● Exercise aim: Which lines belong in your copy? Those from the start of the data through the line with "millions)<fcel>Interest cost<fcel>Amortization of", exactly as written, without any pictures.

● Information shown:
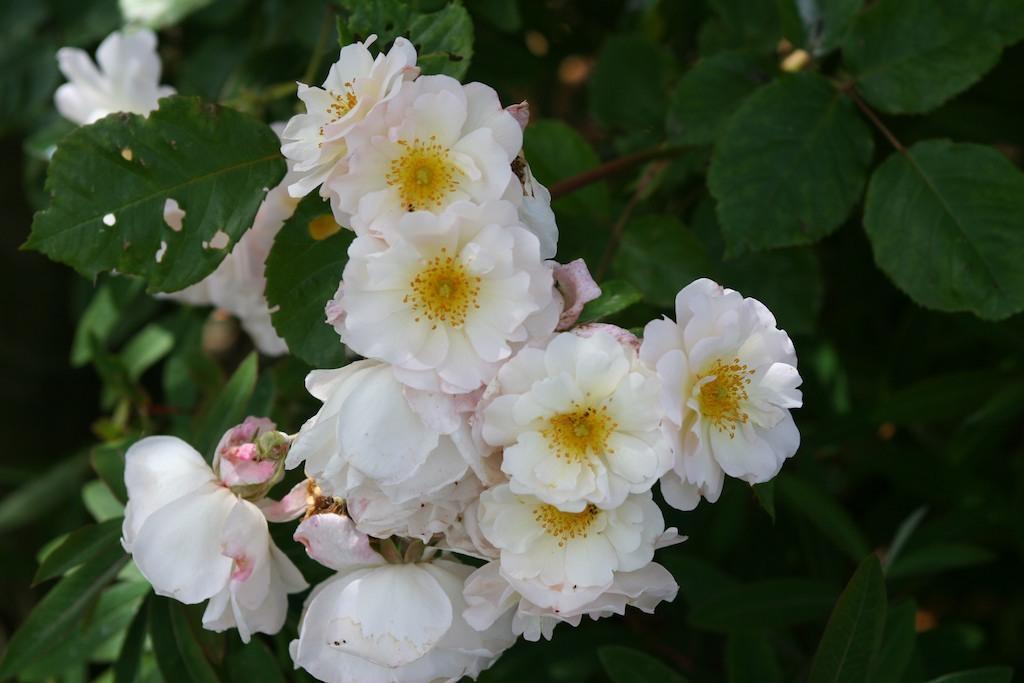Can you describe this image briefly? In this picture, we see a plant which has flowers. These flowers are in white color. In the background, we see the plants or trees. 
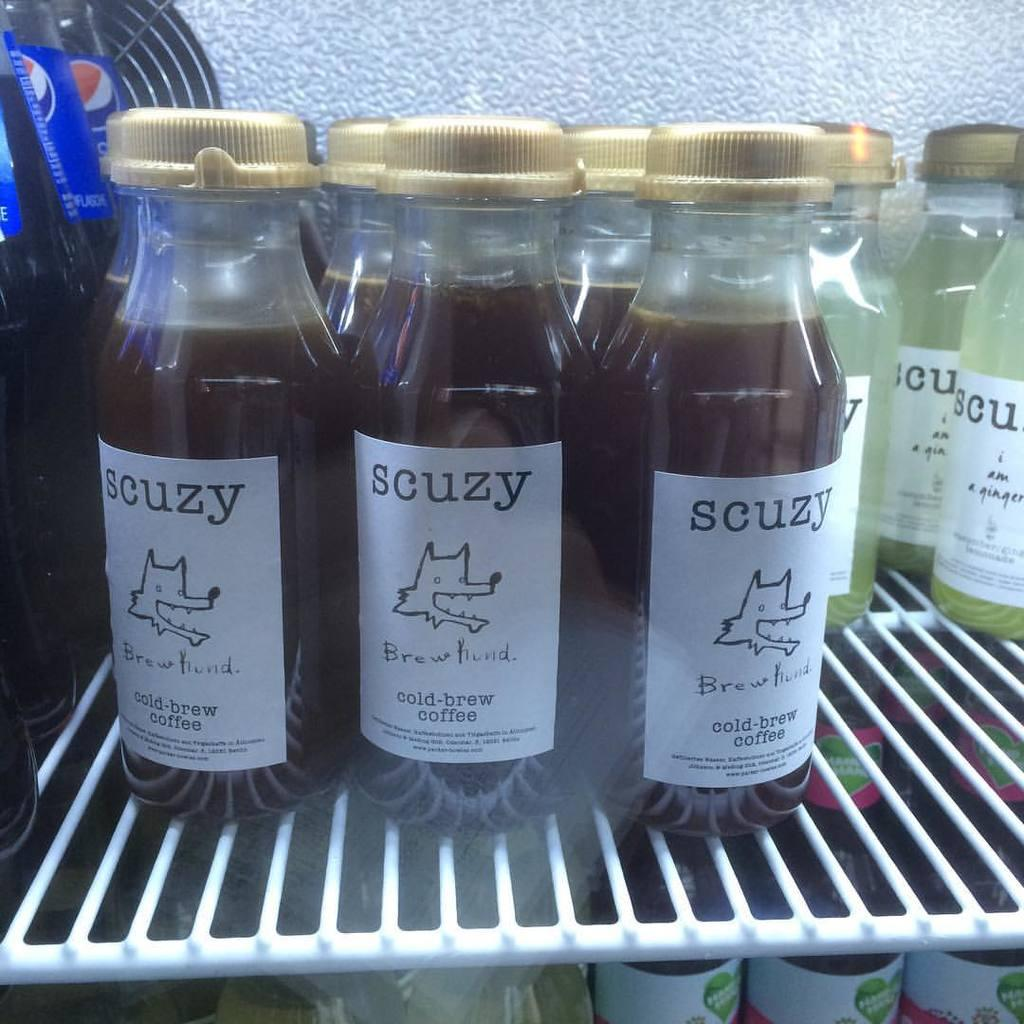<image>
Render a clear and concise summary of the photo. Many bottles of coffee from the brand scuzy are inside of a refrigerator with other drinks. 
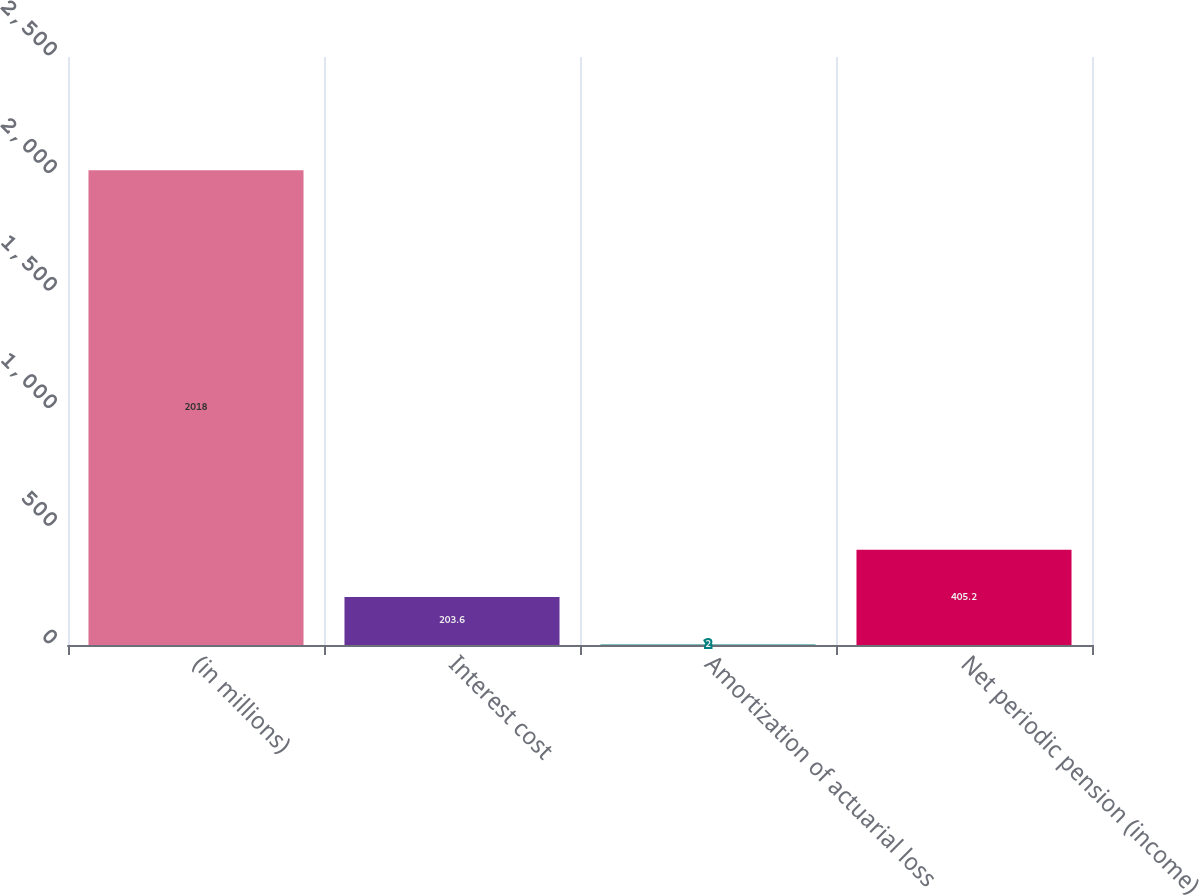Convert chart. <chart><loc_0><loc_0><loc_500><loc_500><bar_chart><fcel>(in millions)<fcel>Interest cost<fcel>Amortization of actuarial loss<fcel>Net periodic pension (income)<nl><fcel>2018<fcel>203.6<fcel>2<fcel>405.2<nl></chart> 
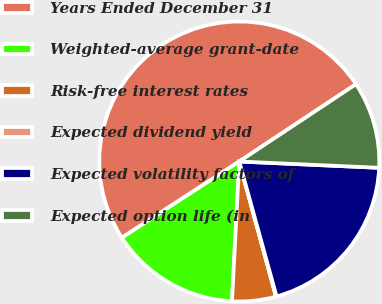Convert chart to OTSL. <chart><loc_0><loc_0><loc_500><loc_500><pie_chart><fcel>Years Ended December 31<fcel>Weighted-average grant-date<fcel>Risk-free interest rates<fcel>Expected dividend yield<fcel>Expected volatility factors of<fcel>Expected option life (in<nl><fcel>49.85%<fcel>15.01%<fcel>5.05%<fcel>0.07%<fcel>19.99%<fcel>10.03%<nl></chart> 
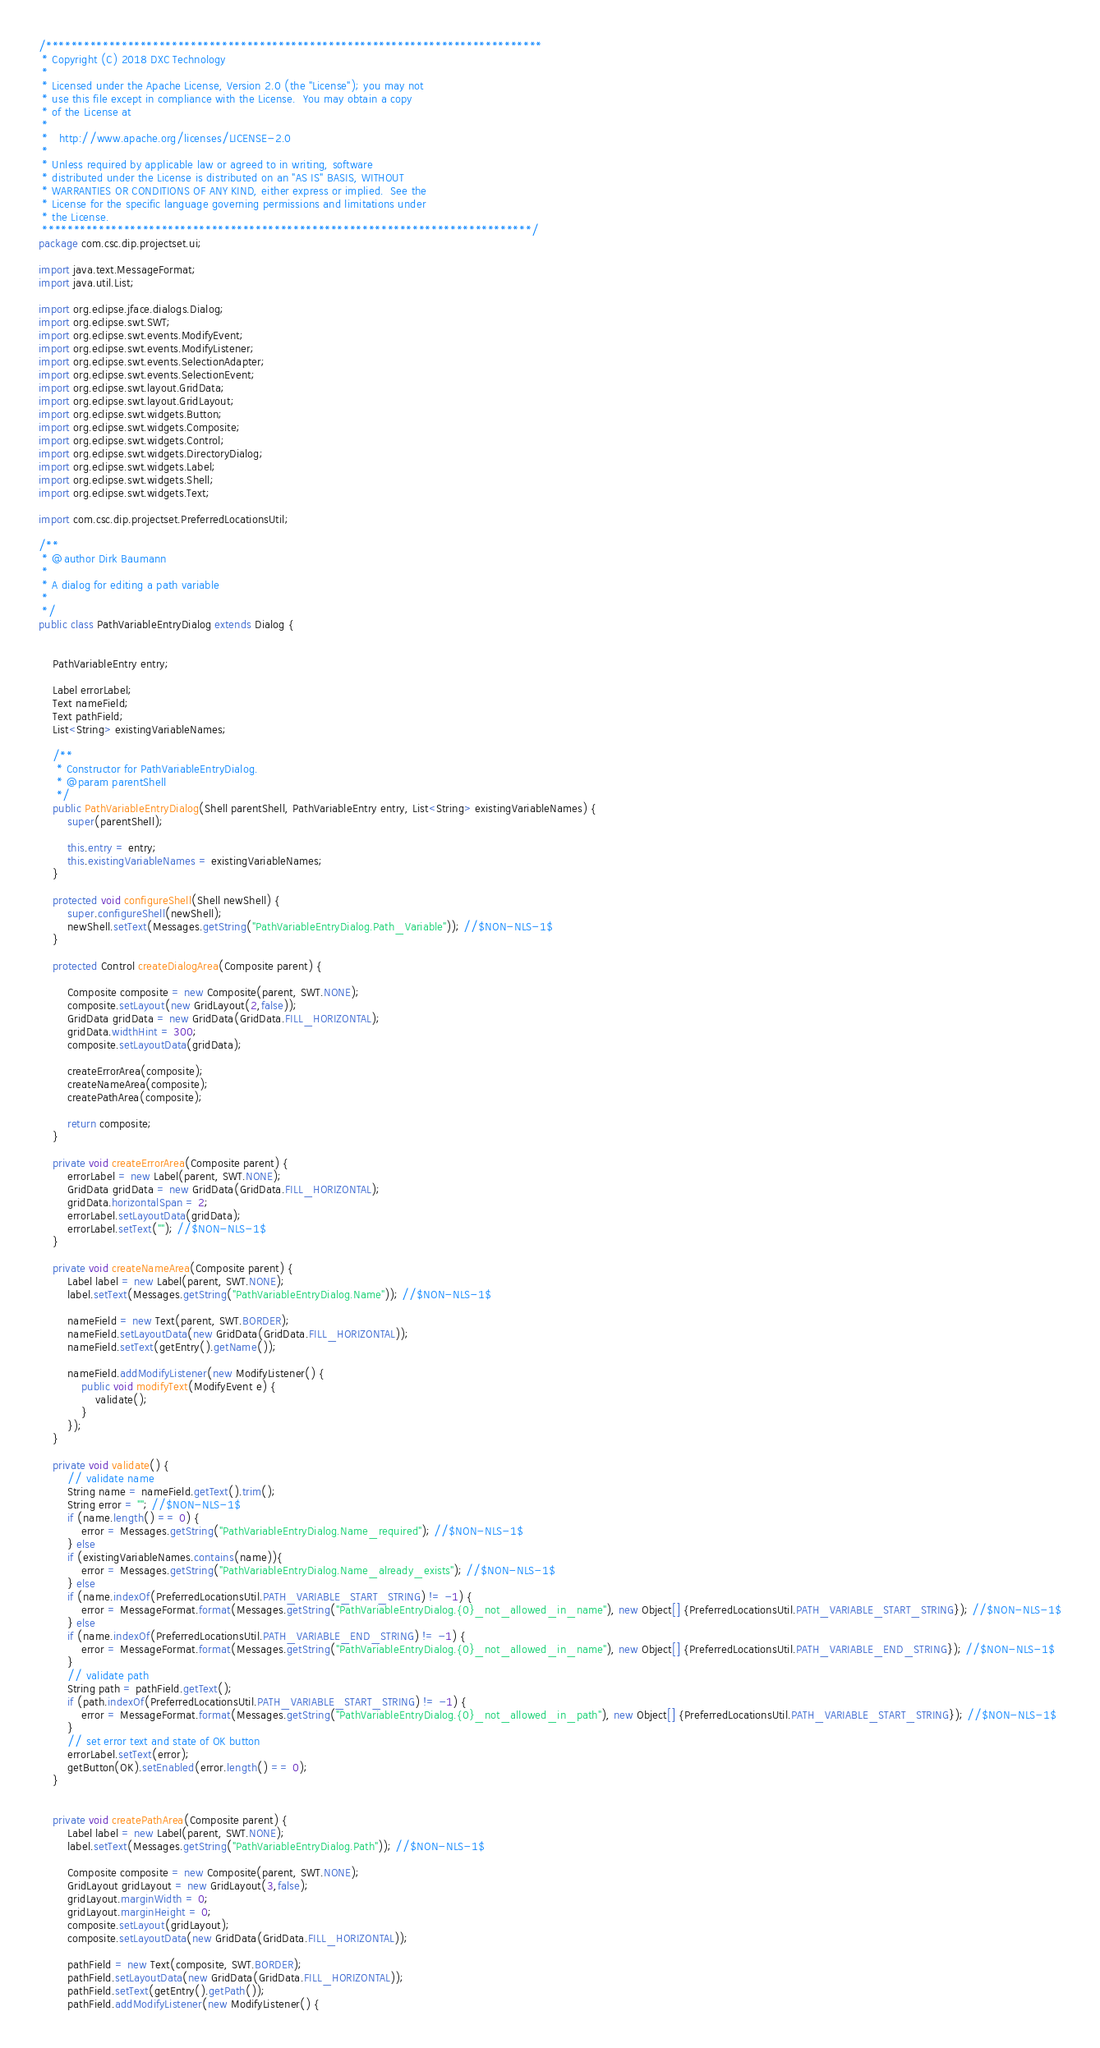Convert code to text. <code><loc_0><loc_0><loc_500><loc_500><_Java_>/*******************************************************************************
 * Copyright (C) 2018 DXC Technology
 * 
 * Licensed under the Apache License, Version 2.0 (the "License"); you may not
 * use this file except in compliance with the License.  You may obtain a copy
 * of the License at
 * 
 *   http://www.apache.org/licenses/LICENSE-2.0
 * 
 * Unless required by applicable law or agreed to in writing, software
 * distributed under the License is distributed on an "AS IS" BASIS, WITHOUT
 * WARRANTIES OR CONDITIONS OF ANY KIND, either express or implied.  See the
 * License for the specific language governing permissions and limitations under
 * the License.
 ******************************************************************************/
package com.csc.dip.projectset.ui;

import java.text.MessageFormat;
import java.util.List;

import org.eclipse.jface.dialogs.Dialog;
import org.eclipse.swt.SWT;
import org.eclipse.swt.events.ModifyEvent;
import org.eclipse.swt.events.ModifyListener;
import org.eclipse.swt.events.SelectionAdapter;
import org.eclipse.swt.events.SelectionEvent;
import org.eclipse.swt.layout.GridData;
import org.eclipse.swt.layout.GridLayout;
import org.eclipse.swt.widgets.Button;
import org.eclipse.swt.widgets.Composite;
import org.eclipse.swt.widgets.Control;
import org.eclipse.swt.widgets.DirectoryDialog;
import org.eclipse.swt.widgets.Label;
import org.eclipse.swt.widgets.Shell;
import org.eclipse.swt.widgets.Text;

import com.csc.dip.projectset.PreferredLocationsUtil;

/**
 * @author Dirk Baumann
 * 
 * A dialog for editing a path variable
 *
 */
public class PathVariableEntryDialog extends Dialog {


	PathVariableEntry entry;

	Label errorLabel;
	Text nameField;
	Text pathField;
	List<String> existingVariableNames;
	
	/**
	 * Constructor for PathVariableEntryDialog.
	 * @param parentShell
	 */
	public PathVariableEntryDialog(Shell parentShell, PathVariableEntry entry, List<String> existingVariableNames) {
		super(parentShell);
		
		this.entry = entry;
		this.existingVariableNames = existingVariableNames;
	}

	protected void configureShell(Shell newShell) {
		super.configureShell(newShell);
		newShell.setText(Messages.getString("PathVariableEntryDialog.Path_Variable")); //$NON-NLS-1$
	}
	
	protected Control createDialogArea(Composite parent) {
 
 		Composite composite = new Composite(parent, SWT.NONE);
		composite.setLayout(new GridLayout(2,false));
		GridData gridData = new GridData(GridData.FILL_HORIZONTAL);
		gridData.widthHint = 300;
		composite.setLayoutData(gridData);
		
		createErrorArea(composite);
		createNameArea(composite);
		createPathArea(composite);
				
 		return composite;
	}

	private void createErrorArea(Composite parent) {
		errorLabel = new Label(parent, SWT.NONE);
		GridData gridData = new GridData(GridData.FILL_HORIZONTAL);
		gridData.horizontalSpan = 2;
		errorLabel.setLayoutData(gridData);
		errorLabel.setText(""); //$NON-NLS-1$
	}

	private void createNameArea(Composite parent) {		
		Label label = new Label(parent, SWT.NONE);
		label.setText(Messages.getString("PathVariableEntryDialog.Name")); //$NON-NLS-1$
		
		nameField = new Text(parent, SWT.BORDER);
		nameField.setLayoutData(new GridData(GridData.FILL_HORIZONTAL));
		nameField.setText(getEntry().getName());
		
		nameField.addModifyListener(new ModifyListener() {
			public void modifyText(ModifyEvent e) {
				validate();
			}
		});
	}

	private void validate() {
		// validate name
		String name = nameField.getText().trim();
		String error = ""; //$NON-NLS-1$
		if (name.length() == 0) {
			error = Messages.getString("PathVariableEntryDialog.Name_required"); //$NON-NLS-1$
		} else
		if (existingVariableNames.contains(name)){
			error = Messages.getString("PathVariableEntryDialog.Name_already_exists"); //$NON-NLS-1$
		} else
		if (name.indexOf(PreferredLocationsUtil.PATH_VARIABLE_START_STRING) != -1) {
			error = MessageFormat.format(Messages.getString("PathVariableEntryDialog.{0}_not_allowed_in_name"), new Object[] {PreferredLocationsUtil.PATH_VARIABLE_START_STRING}); //$NON-NLS-1$
		} else
		if (name.indexOf(PreferredLocationsUtil.PATH_VARIABLE_END_STRING) != -1) {
			error = MessageFormat.format(Messages.getString("PathVariableEntryDialog.{0}_not_allowed_in_name"), new Object[] {PreferredLocationsUtil.PATH_VARIABLE_END_STRING}); //$NON-NLS-1$
		}
		// validate path
		String path = pathField.getText();
		if (path.indexOf(PreferredLocationsUtil.PATH_VARIABLE_START_STRING) != -1) {
			error = MessageFormat.format(Messages.getString("PathVariableEntryDialog.{0}_not_allowed_in_path"), new Object[] {PreferredLocationsUtil.PATH_VARIABLE_START_STRING}); //$NON-NLS-1$
		}		
		// set error text and state of OK button
		errorLabel.setText(error);
		getButton(OK).setEnabled(error.length() == 0);
	}


	private void createPathArea(Composite parent) {
		Label label = new Label(parent, SWT.NONE);
		label.setText(Messages.getString("PathVariableEntryDialog.Path")); //$NON-NLS-1$

		Composite composite = new Composite(parent, SWT.NONE);
		GridLayout gridLayout = new GridLayout(3,false);
		gridLayout.marginWidth = 0;
		gridLayout.marginHeight = 0;
		composite.setLayout(gridLayout);
		composite.setLayoutData(new GridData(GridData.FILL_HORIZONTAL));
		
		pathField = new Text(composite, SWT.BORDER);
		pathField.setLayoutData(new GridData(GridData.FILL_HORIZONTAL));
		pathField.setText(getEntry().getPath());
		pathField.addModifyListener(new ModifyListener() {</code> 
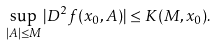Convert formula to latex. <formula><loc_0><loc_0><loc_500><loc_500>\sup _ { | A | \leq M } | D ^ { 2 } f ( x _ { 0 } , A ) | \leq K ( M , x _ { 0 } ) .</formula> 
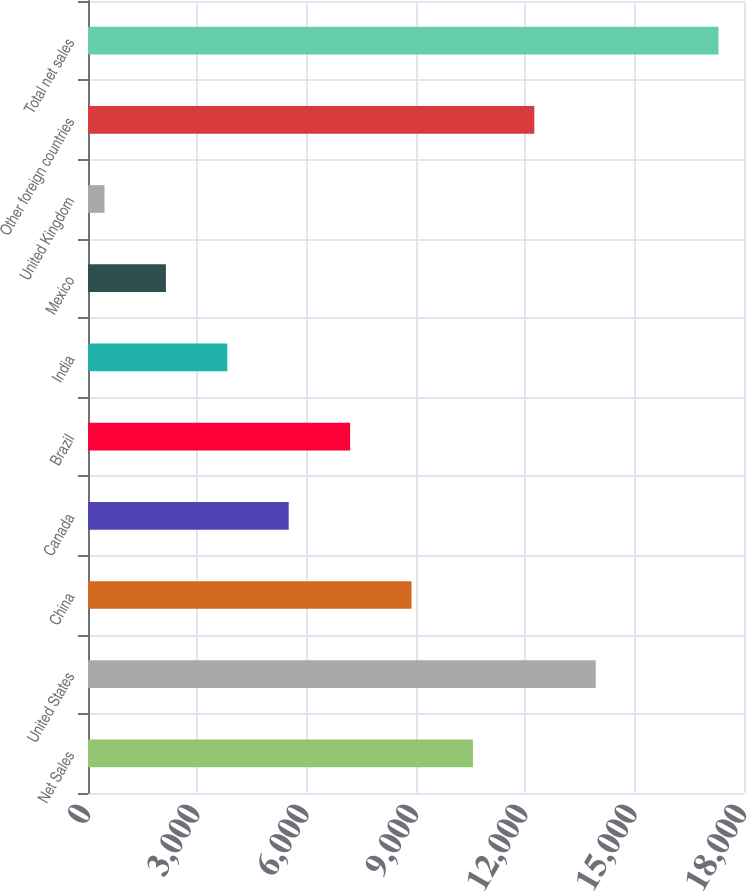Convert chart to OTSL. <chart><loc_0><loc_0><loc_500><loc_500><bar_chart><fcel>Net Sales<fcel>United States<fcel>China<fcel>Canada<fcel>Brazil<fcel>India<fcel>Mexico<fcel>United Kingdom<fcel>Other foreign countries<fcel>Total net sales<nl><fcel>10561.8<fcel>13931.4<fcel>8877<fcel>5507.4<fcel>7192.2<fcel>3822.6<fcel>2137.8<fcel>453<fcel>12246.6<fcel>17301<nl></chart>

● Written response:
Can you describe this image briefly? In this picture, we see a plant which has flowers. These flowers are in white color. In the background, we see the plants or trees. 
<image>
Render a clear and concise summary of the photo. Many bottles of coffee from the brand scuzy are inside of a refrigerator with other drinks. 
Convert chart. <chart><loc_0><loc_0><loc_500><loc_500><bar_chart><fcel>(in millions)<fcel>Interest cost<fcel>Amortization of actuarial loss<fcel>Net periodic pension (income)<nl><fcel>2018<fcel>203.6<fcel>2<fcel>405.2<nl></chart> 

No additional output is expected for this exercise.